# [WORK TO BE COMPLETED]
Return each line of the records below in which the string "property" turns up.
BEGIN ENTRIES SUPPLIED
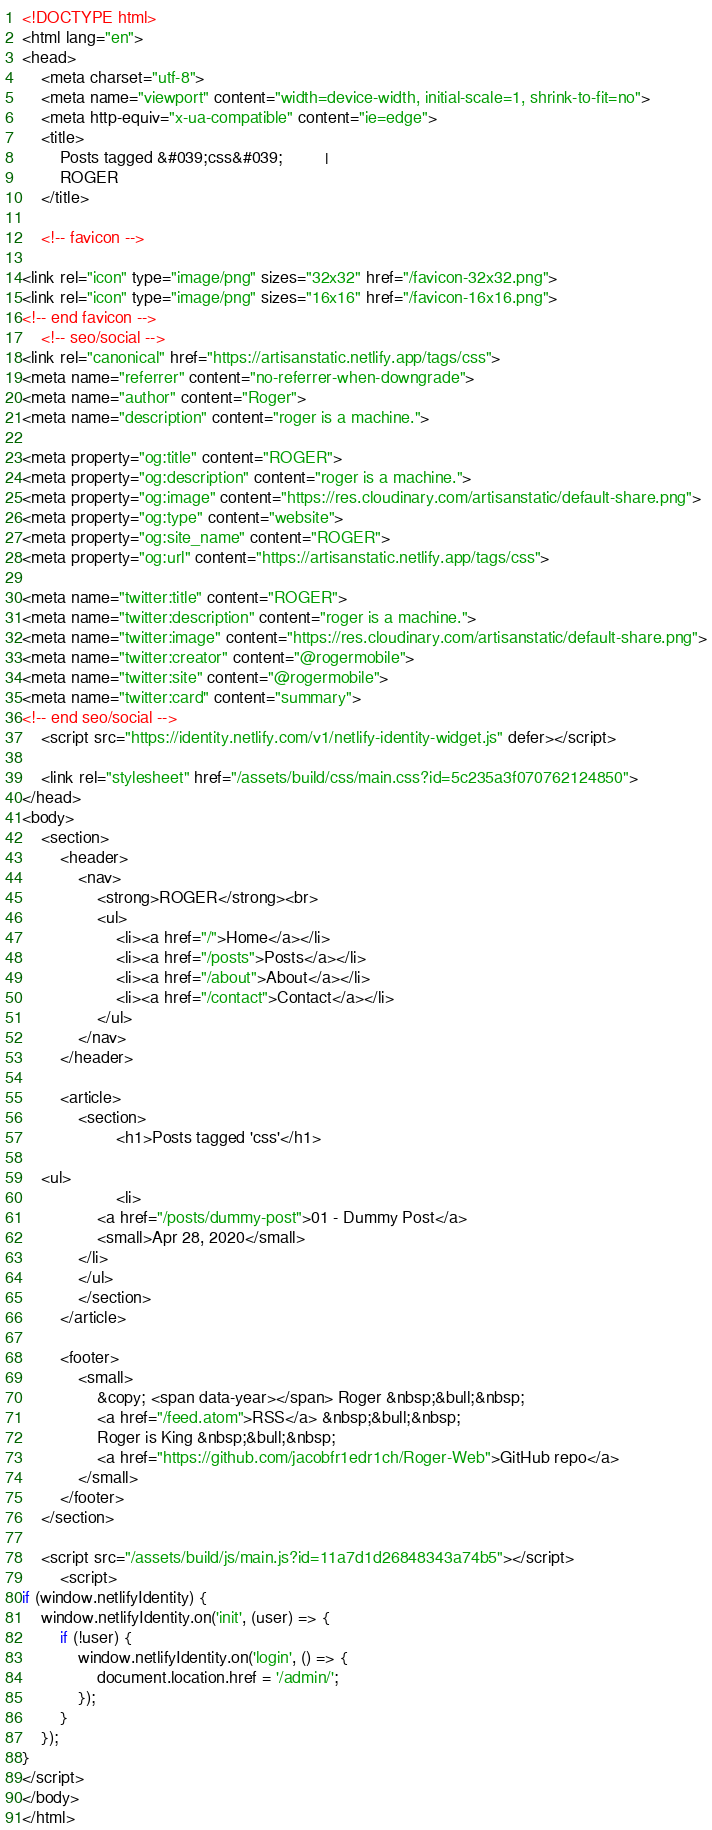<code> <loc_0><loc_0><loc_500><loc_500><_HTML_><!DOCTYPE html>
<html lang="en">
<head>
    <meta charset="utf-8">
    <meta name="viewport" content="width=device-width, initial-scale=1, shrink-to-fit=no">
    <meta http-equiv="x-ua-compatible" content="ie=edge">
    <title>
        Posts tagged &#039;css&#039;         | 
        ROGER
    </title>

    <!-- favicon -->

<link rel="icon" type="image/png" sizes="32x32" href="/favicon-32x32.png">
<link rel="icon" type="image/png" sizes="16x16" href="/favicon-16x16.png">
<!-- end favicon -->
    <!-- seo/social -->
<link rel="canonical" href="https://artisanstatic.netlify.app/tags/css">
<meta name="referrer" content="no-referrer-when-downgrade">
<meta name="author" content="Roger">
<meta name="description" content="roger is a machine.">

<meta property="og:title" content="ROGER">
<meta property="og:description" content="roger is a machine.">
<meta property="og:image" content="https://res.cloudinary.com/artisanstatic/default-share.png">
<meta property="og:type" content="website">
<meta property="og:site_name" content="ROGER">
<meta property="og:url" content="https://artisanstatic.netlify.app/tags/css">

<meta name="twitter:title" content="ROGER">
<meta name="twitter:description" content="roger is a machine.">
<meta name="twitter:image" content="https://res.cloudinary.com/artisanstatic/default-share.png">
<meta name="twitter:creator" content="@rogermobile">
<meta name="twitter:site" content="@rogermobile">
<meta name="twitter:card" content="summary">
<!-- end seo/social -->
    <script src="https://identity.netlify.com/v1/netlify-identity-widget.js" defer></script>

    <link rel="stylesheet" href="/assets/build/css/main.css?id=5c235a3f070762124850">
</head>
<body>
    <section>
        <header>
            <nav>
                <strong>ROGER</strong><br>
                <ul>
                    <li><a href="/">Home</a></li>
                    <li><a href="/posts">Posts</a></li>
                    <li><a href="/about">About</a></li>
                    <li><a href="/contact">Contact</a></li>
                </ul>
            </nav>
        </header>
END ENTRIES SUPPLIED
# [RESPONSE AREA]
<meta property="og:title" content="ROGER">
<meta property="og:description" content="roger is a machine.">
<meta property="og:image" content="https://res.cloudinary.com/artisanstatic/default-share.png">
<meta property="og:type" content="website">
<meta property="og:site_name" content="ROGER">
<meta property="og:url" content="https://artisanstatic.netlify.app/tags/css">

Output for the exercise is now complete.